Once tristeza-affected trees on sour orange rootstocks begin to decline, there is no treatment. The diseased trees should be replaced with certified trees on tolerant rootstocks as the yields of affected trees decline to uneconomical levels. Even though it may be hard to determine if decline results from CTV or HLB, these trees should nonetheless be replaced with a CTV-tolerant rootstock (See the rootstock selection guide).
In groves with trees on sour orange rootstock that are currently unaffected by tristeza decline, it may be possible to inarch trees with seedlings of a tolerant rootstock. Inarching is most effective with relatively young groves that are still actively growing, and in order to be effective, the inarches must be well established before trees become infected. Given the high cost of the practice, it is probably advisable only in the case of high-value crops in groves that are well separated from areas with severe strains of tristeza virus. It is more likely to be successful with younger than with older trees.
Chemical or biological control of the aphid is unlikely to stop the spread of the virus in commercial groves, because acquisition and transmission of the virus by the aphid usually occurs before the aphid is killed by an insecticide. Keeping aphid populations in check in the grove may help reduce feeding damage and secondary spread of the virus onto resets. However, rigorous aphid control in nurseries and on budwood-source trees could reduce infection rates (see chapter 26, ENY-604, Soft-Bodied Insects Attacking Foliage and Fruit).

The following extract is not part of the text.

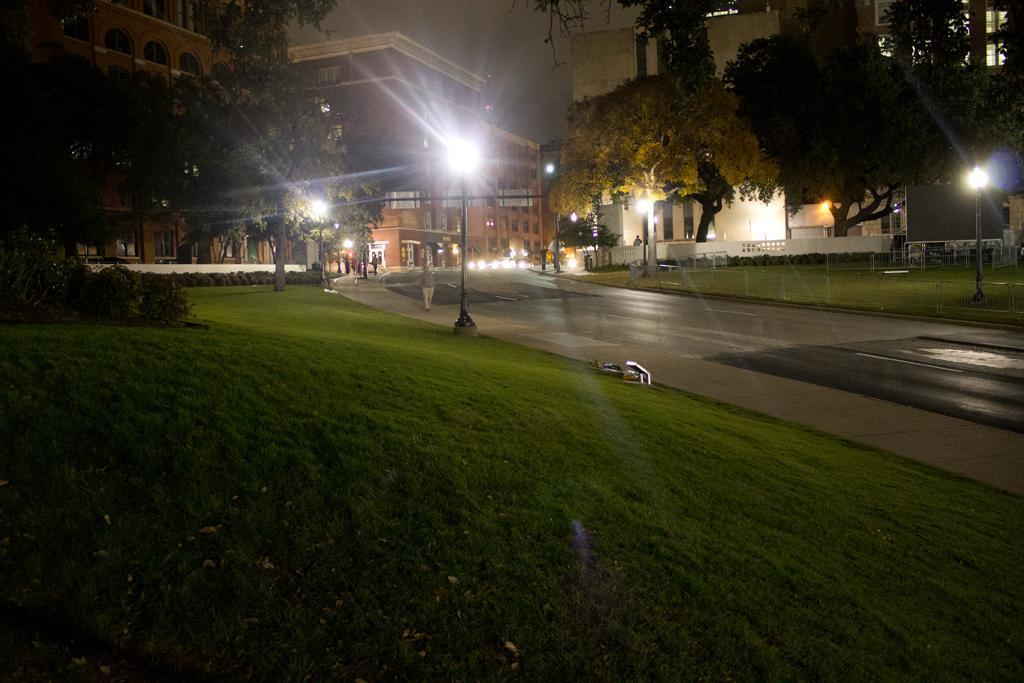What type of vegetation can be seen in the image? There is grass in the image. What type of artificial lighting is present in the image? There are street lights in the image. What type of pathway is visible in the image? There is a road in the image. What type of barrier is present in the image? There is a fence in the image. What type of natural structures are present in the image? There are trees in the image. What type of man-made structures are present in the image? There are buildings in the image. What other objects can be seen on the ground in the image? There are other objects on the ground in the image. What can be seen in the background of the image? The sky is visible in the background of the image. What is the value of the mom's smile in the image? There is no mom or smile present in the image. What does the grass smell like in the image? The image does not provide information about the smell of the grass.

Cross protection, which is the practice of inoculating trees with mild virus strains to protect them from the effects of severe strains, has been effective in South Africa and Australia in reducing losses in grapefruit due to stem-pitting, and against losses in sweet orange in Brazil. Cross protection against tristeza decline on sour orange rootstock has not yet been developed as an effective control measure.